==== INPUT DATA ====

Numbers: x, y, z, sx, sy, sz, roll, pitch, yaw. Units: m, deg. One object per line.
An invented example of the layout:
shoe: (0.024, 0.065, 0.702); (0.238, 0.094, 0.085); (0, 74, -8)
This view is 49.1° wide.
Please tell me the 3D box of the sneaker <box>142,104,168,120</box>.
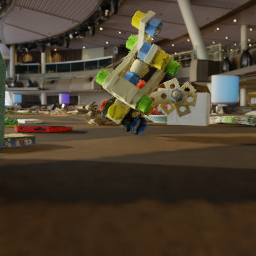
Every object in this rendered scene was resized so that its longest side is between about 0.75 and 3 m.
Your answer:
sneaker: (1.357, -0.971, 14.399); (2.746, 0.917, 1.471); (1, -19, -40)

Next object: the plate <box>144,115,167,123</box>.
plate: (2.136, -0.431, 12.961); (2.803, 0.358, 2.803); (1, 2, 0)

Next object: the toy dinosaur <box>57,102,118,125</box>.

====
==== INPUT DATA ====

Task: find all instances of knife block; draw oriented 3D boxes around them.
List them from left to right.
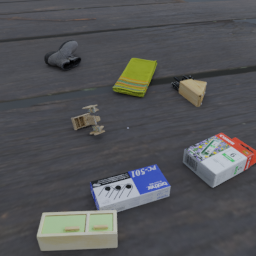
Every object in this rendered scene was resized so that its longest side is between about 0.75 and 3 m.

====

> **TASK REQUIREMENTS**: Transcribe only this stretch of the data: the line with "An invented example", the line with "Next object: the toy", and every line in between. Leave out the pictures.

> **FINAL ANSWER**:
An invented example of the layout:
shoe: (0.024, 0.065, 0.702); (0.238, 0.094, 0.085); (0, 74, -8)
This view is 49.1° wide.
Please tell me the 3D box of the sneaker <box>142,104,168,120</box>.
Every object in this rendered scene was resized so that its longest side is between about 0.75 and 3 m.
Your answer:
sneaker: (1.357, -0.971, 14.399); (2.746, 0.917, 1.471); (1, -19, -40)

Next object: the plate <box>144,115,167,123</box>.
plate: (2.136, -0.431, 12.961); (2.803, 0.358, 2.803); (1, 2, 0)

Next object: the toy dinosaur <box>57,102,118,125</box>.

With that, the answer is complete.